• [SUPPLIED RECORDS]:
• • •

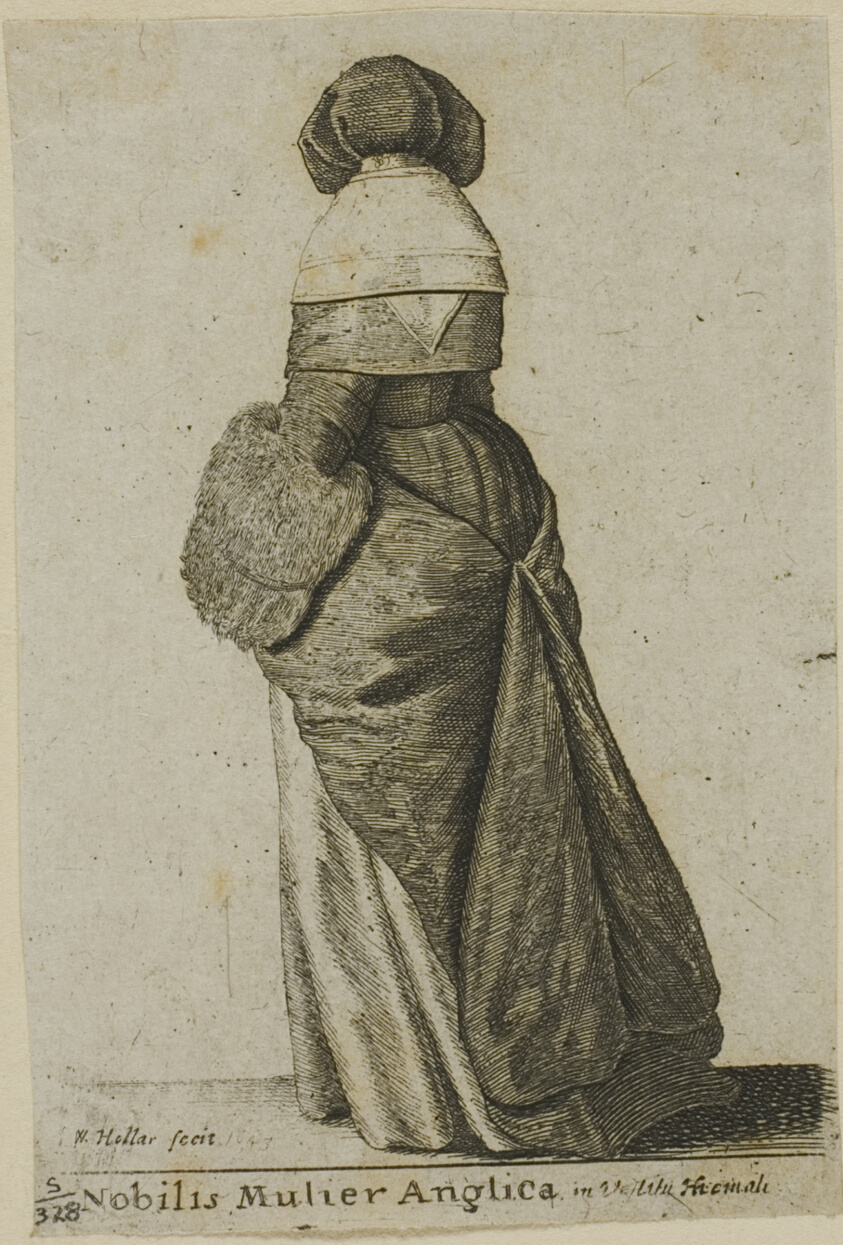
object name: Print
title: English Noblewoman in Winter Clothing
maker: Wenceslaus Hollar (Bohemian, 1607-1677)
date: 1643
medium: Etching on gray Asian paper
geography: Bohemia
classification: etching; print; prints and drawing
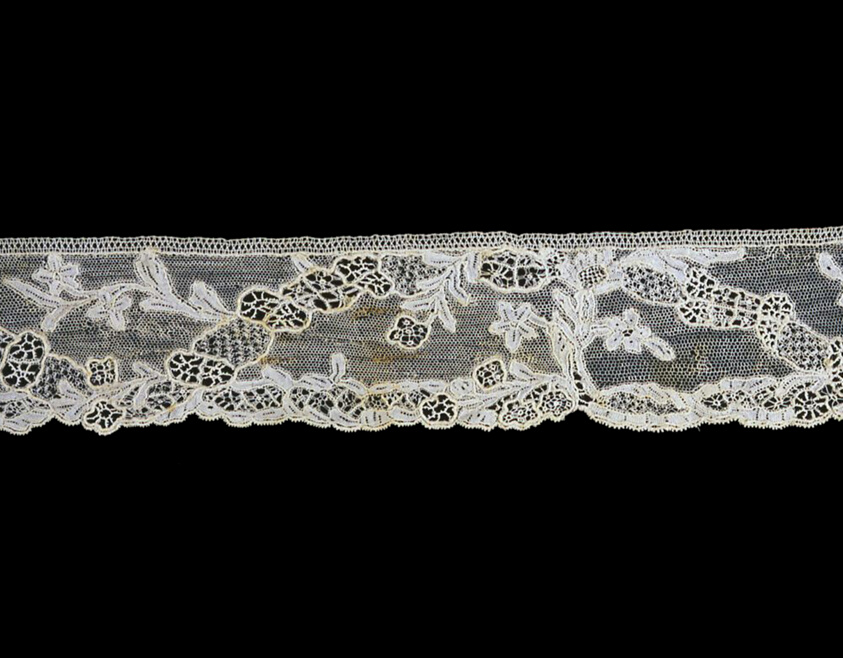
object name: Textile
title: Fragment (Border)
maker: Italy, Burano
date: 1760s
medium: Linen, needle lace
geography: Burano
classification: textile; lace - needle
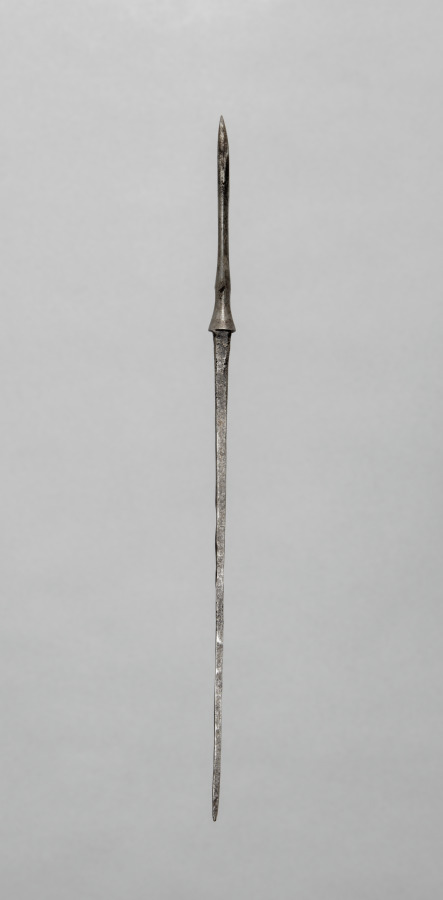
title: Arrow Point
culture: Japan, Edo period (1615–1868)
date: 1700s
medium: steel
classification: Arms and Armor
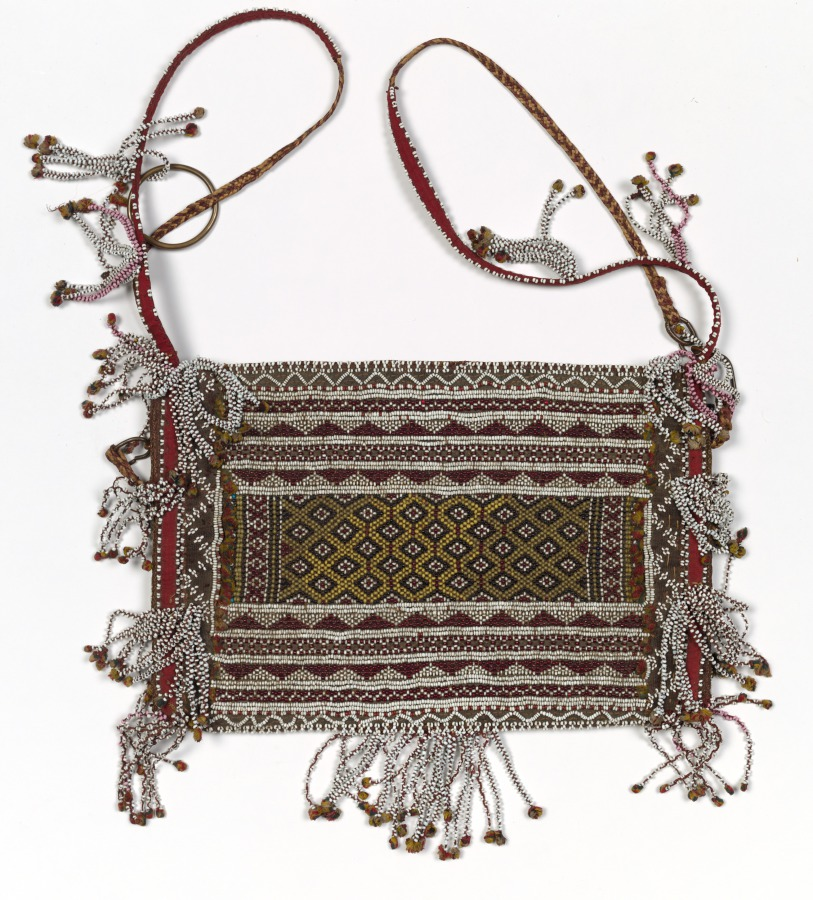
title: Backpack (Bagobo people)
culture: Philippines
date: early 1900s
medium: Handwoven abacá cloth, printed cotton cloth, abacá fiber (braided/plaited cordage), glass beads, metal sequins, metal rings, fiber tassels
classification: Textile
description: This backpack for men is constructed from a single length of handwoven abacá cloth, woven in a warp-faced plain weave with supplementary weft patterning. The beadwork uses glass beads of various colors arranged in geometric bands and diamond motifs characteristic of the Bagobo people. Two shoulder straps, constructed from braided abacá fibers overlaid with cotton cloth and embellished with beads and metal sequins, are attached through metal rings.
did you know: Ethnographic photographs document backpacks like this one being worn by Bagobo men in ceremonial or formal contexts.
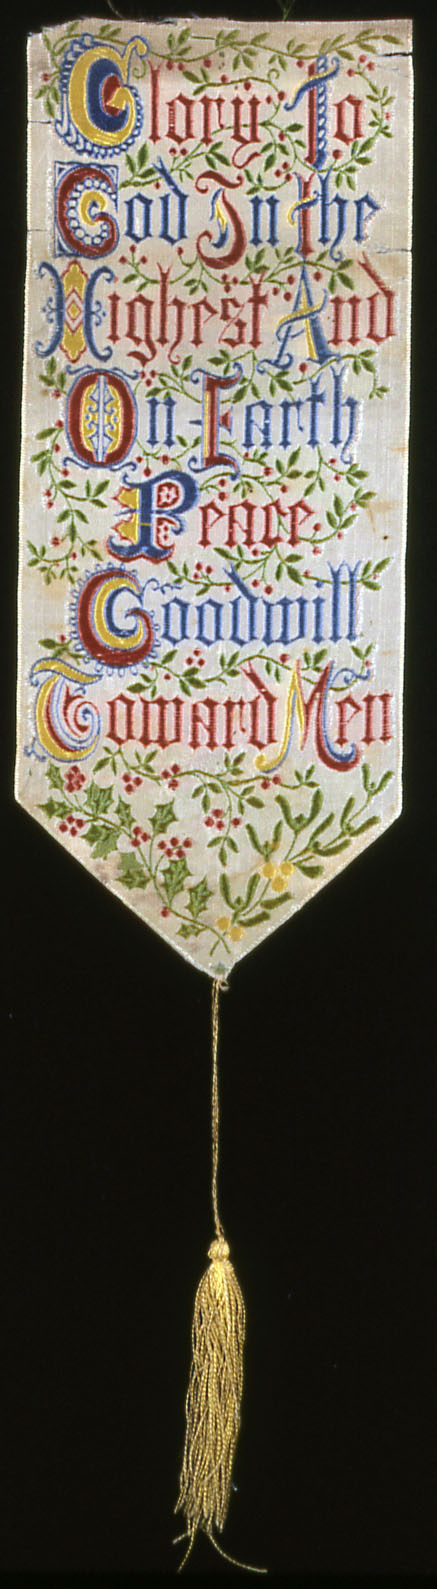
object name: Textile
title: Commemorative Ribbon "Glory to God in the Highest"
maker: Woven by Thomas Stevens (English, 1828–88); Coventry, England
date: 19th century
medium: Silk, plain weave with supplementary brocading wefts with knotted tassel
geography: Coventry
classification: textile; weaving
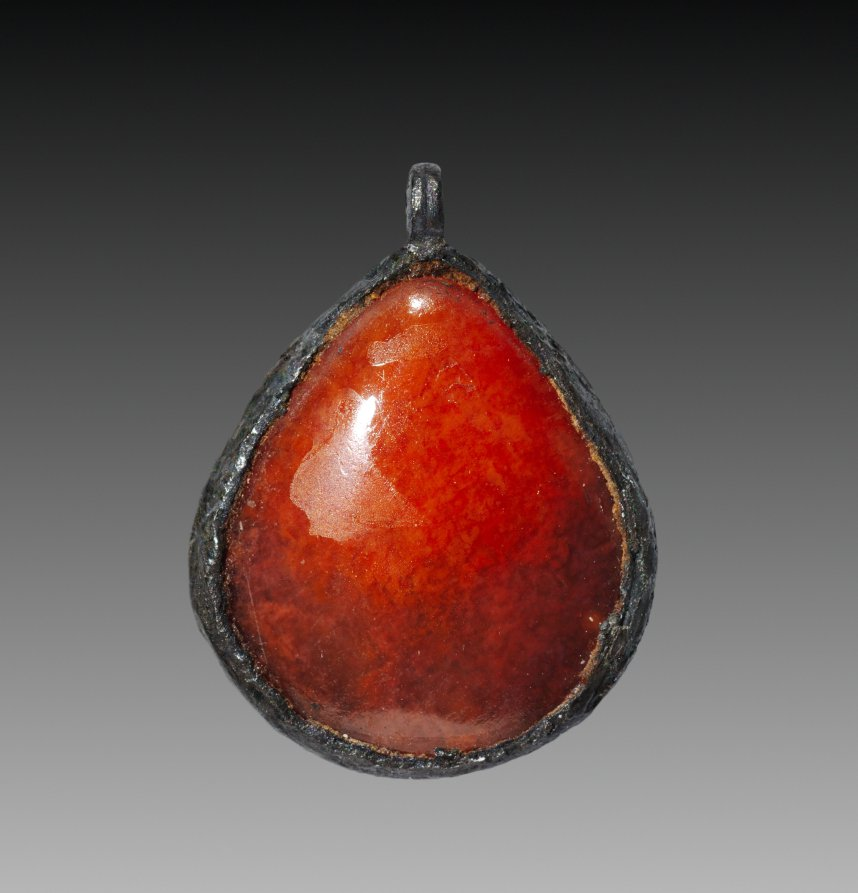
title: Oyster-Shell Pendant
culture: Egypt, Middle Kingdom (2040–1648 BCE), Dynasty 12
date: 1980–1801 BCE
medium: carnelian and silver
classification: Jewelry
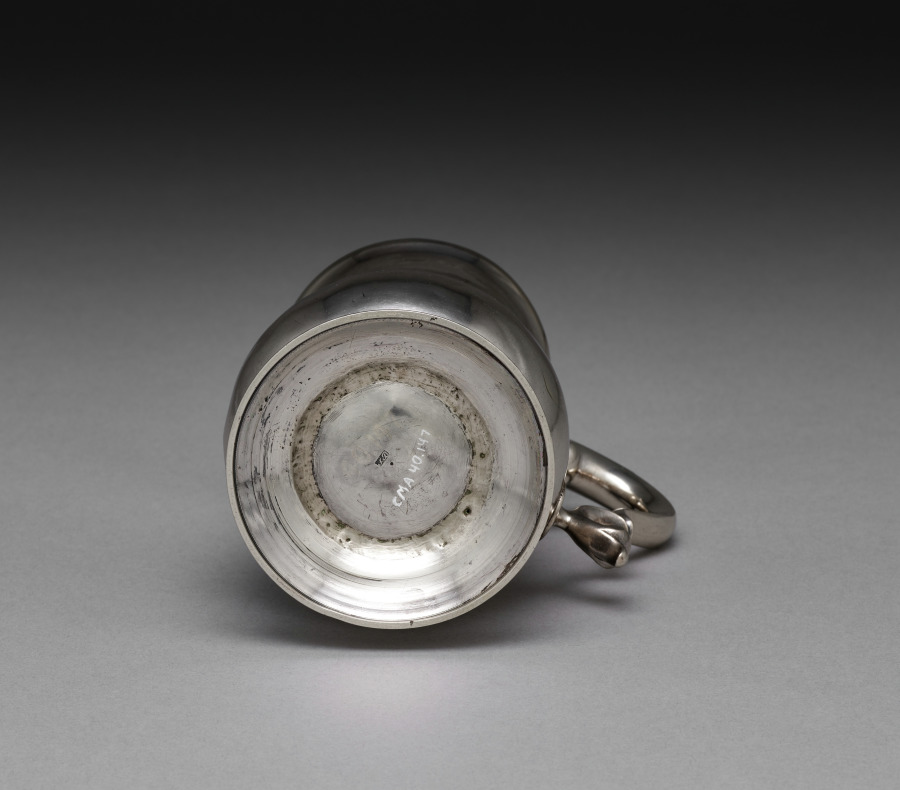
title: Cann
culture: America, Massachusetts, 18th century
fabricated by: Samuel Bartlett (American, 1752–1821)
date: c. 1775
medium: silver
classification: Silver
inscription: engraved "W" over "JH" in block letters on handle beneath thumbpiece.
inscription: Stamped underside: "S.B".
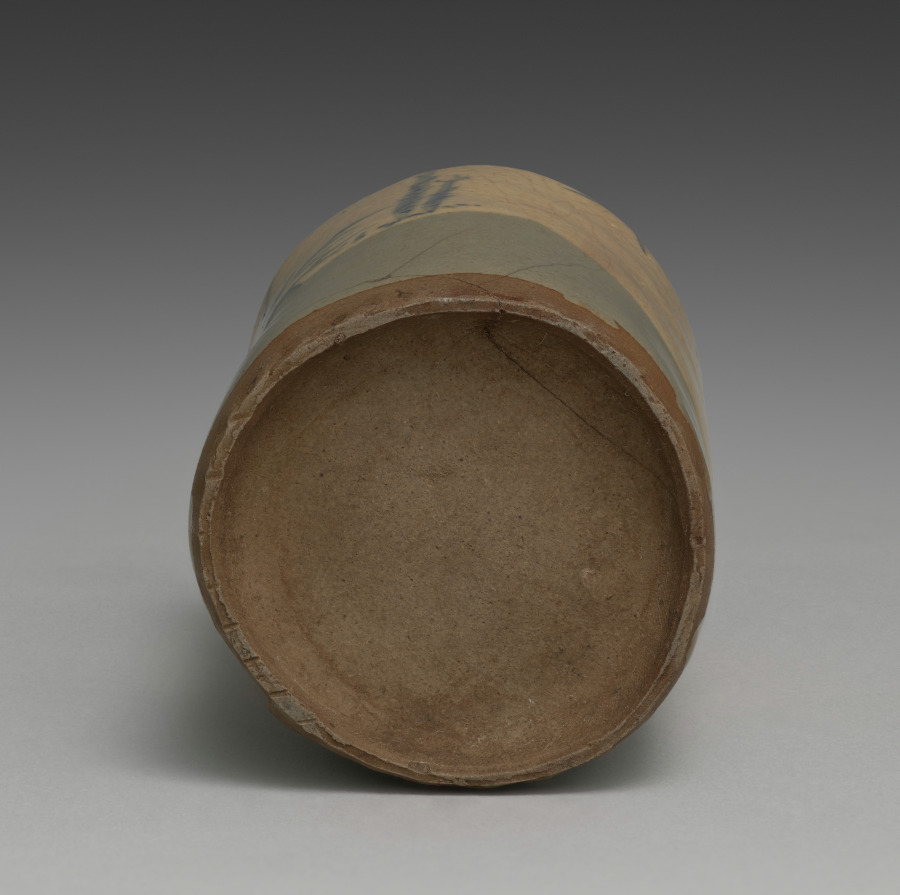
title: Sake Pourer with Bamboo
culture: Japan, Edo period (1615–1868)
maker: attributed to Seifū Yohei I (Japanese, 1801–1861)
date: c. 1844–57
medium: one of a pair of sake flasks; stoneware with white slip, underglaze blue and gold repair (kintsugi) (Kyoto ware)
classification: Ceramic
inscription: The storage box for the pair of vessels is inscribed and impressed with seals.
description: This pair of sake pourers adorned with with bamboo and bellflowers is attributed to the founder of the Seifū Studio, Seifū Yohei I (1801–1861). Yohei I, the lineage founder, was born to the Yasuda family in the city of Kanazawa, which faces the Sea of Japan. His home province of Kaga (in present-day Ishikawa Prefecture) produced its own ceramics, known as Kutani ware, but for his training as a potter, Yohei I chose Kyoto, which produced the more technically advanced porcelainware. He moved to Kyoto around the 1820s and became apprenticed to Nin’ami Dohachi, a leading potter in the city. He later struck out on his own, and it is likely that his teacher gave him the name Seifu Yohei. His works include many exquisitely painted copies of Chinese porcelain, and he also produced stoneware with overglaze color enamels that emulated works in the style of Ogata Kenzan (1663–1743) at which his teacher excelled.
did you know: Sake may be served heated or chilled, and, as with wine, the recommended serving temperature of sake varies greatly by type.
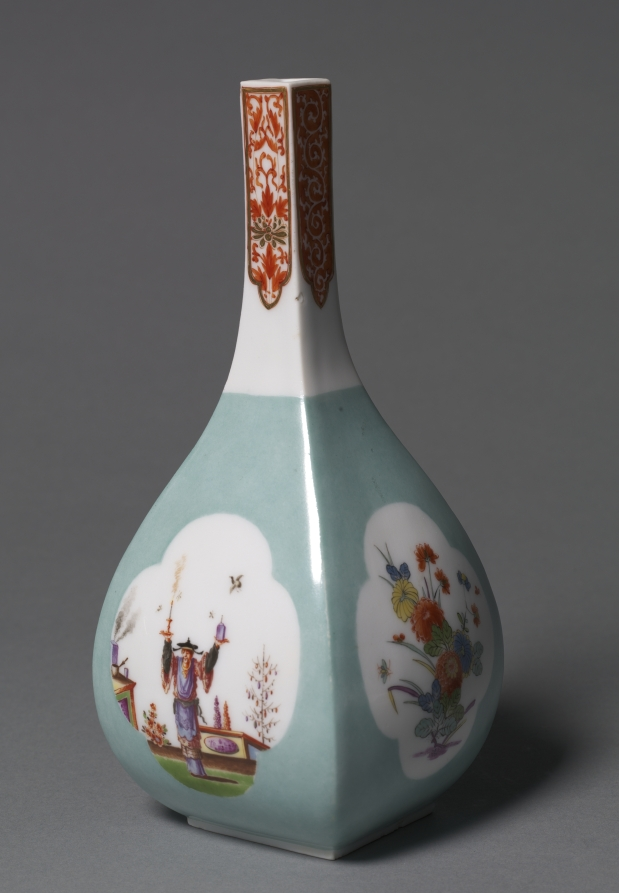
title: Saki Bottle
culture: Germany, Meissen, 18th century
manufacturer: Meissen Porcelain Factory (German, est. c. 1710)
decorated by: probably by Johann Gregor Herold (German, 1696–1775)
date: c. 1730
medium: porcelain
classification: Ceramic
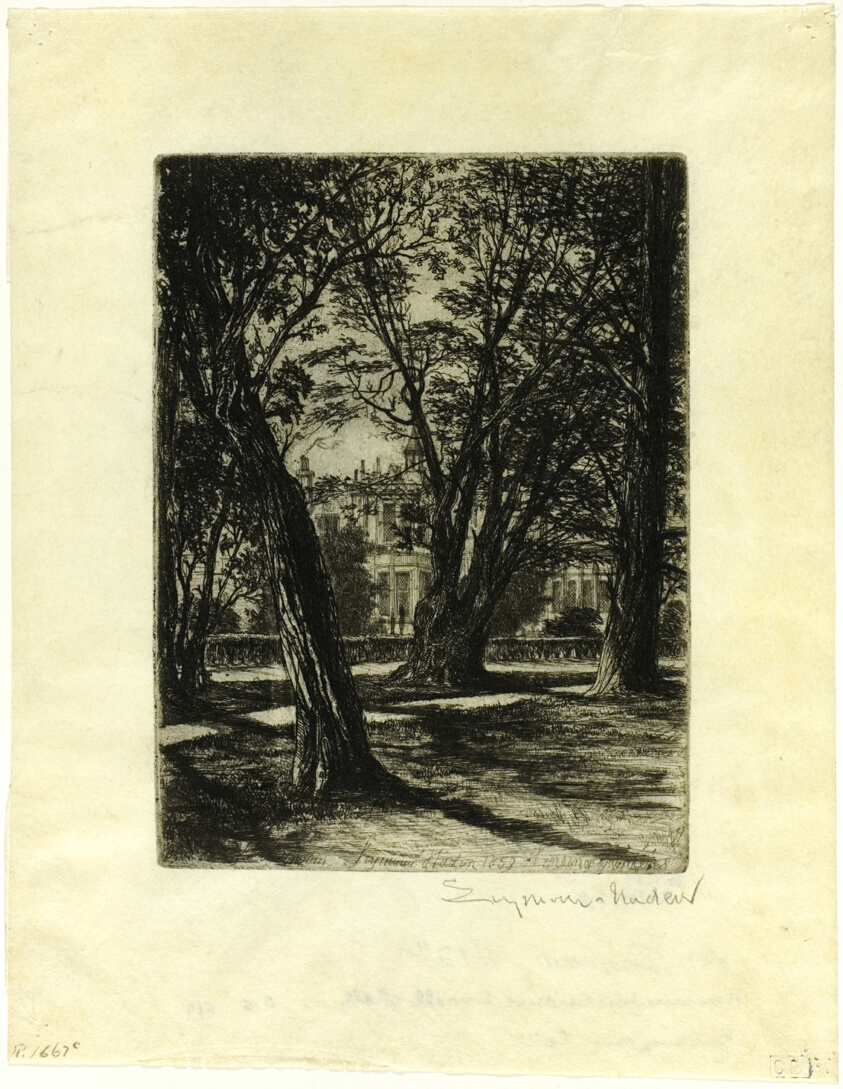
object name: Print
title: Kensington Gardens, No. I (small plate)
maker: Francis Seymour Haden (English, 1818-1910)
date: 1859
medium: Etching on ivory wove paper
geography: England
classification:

• • •

• [EXERCISE DIRECTIONS]:
Your output should be the records above, duplicated exactly and picture-free.

• [RESULT]:
object name: Print
title: English Noblewoman in Winter Clothing
maker: Wenceslaus Hollar (Bohemian, 1607-1677)
date: 1643
medium: Etching on gray Asian paper
geography: Bohemia
classification: etching; print; prints and drawing
object name: Textile
title: Fragment (Border)
maker: Italy, Burano
date: 1760s
medium: Linen, needle lace
geography: Burano
classification: textile; lace - needle
title: Arrow Point
culture: Japan, Edo period (1615–1868)
date: 1700s
medium: steel
classification: Arms and Armor
title: Backpack (Bagobo people)
culture: Philippines
date: early 1900s
medium: Handwoven abacá cloth, printed cotton cloth, abacá fiber (braided/plaited cordage), glass beads, metal sequins, metal rings, fiber tassels
classification: Textile
description: This backpack for men is constructed from a single length of handwoven abacá cloth, woven in a warp-faced plain weave with supplementary weft patterning. The beadwork uses glass beads of various colors arranged in geometric bands and diamond motifs characteristic of the Bagobo people. Two shoulder straps, constructed from braided abacá fibers overlaid with cotton cloth and embellished with beads and metal sequins, are attached through metal rings.
did you know: Ethnographic photographs document backpacks like this one being worn by Bagobo men in ceremonial or formal contexts.
object name: Textile
title: Commemorative Ribbon "Glory to God in the Highest"
maker: Woven by Thomas Stevens (English, 1828–88); Coventry, England
date: 19th century
medium: Silk, plain weave with supplementary brocading wefts with knotted tassel
geography: Coventry
classification: textile; weaving
title: Oyster-Shell Pendant
culture: Egypt, Middle Kingdom (2040–1648 BCE), Dynasty 12
date: 1980–1801 BCE
medium: carnelian and silver
classification: Jewelry
title: Cann
culture: America, Massachusetts, 18th century
fabricated by: Samuel Bartlett (American, 1752–1821)
date: c. 1775
medium: silver
classification: Silver
inscription: engraved "W" over "JH" in block letters on handle beneath thumbpiece.
inscription: Stamped underside: "S.B".
title: Sake Pourer with Bamboo
culture: Japan, Edo period (1615–1868)
maker: attributed to Seifū Yohei I (Japanese, 1801–1861)
date: c. 1844–57
medium: one of a pair of sake flasks; stoneware with white slip, underglaze blue and gold repair (kintsugi) (Kyoto ware)
classification: Ceramic
inscription: The storage box for the pair of vessels is inscribed and impressed with seals.
description: This pair of sake pourers adorned with with bamboo and bellflowers is attributed to the founder of the Seifū Studio, Seifū Yohei I (1801–1861). Yohei I, the lineage founder, was born to the Yasuda family in the city of Kanazawa, which faces the Sea of Japan. His home province of Kaga (in present-day Ishikawa Prefecture) produced its own ceramics, known as Kutani ware, but for his training as a potter, Yohei I chose Kyoto, which produced the more technically advanced porcelainware. He moved to Kyoto around the 1820s and became apprenticed to Nin’ami Dohachi, a leading potter in the city. He later struck out on his own, and it is likely that his teacher gave him the name Seifu Yohei. His works include many exquisitely painted copies of Chinese porcelain, and he also produced stoneware with overglaze color enamels that emulated works in the style of Ogata Kenzan (1663–1743) at which his teacher excelled.
did you know: Sake may be served heated or chilled, and, as with wine, the recommended serving temperature of sake varies greatly by type.
title: Saki Bottle
culture: Germany, Meissen, 18th century
manufacturer: Meissen Porcelain Factory (German, est. c. 1710)
decorated by: probably by Johann Gregor Herold (German, 1696–1775)
date: c. 1730
medium: porcelain
classification: Ceramic
object name: Print
title: Kensington Gardens, No. I (small plate)
maker: Francis Seymour Haden (English, 1818-1910)
date: 1859
medium: Etching on ivory wove paper
geography: England
classification:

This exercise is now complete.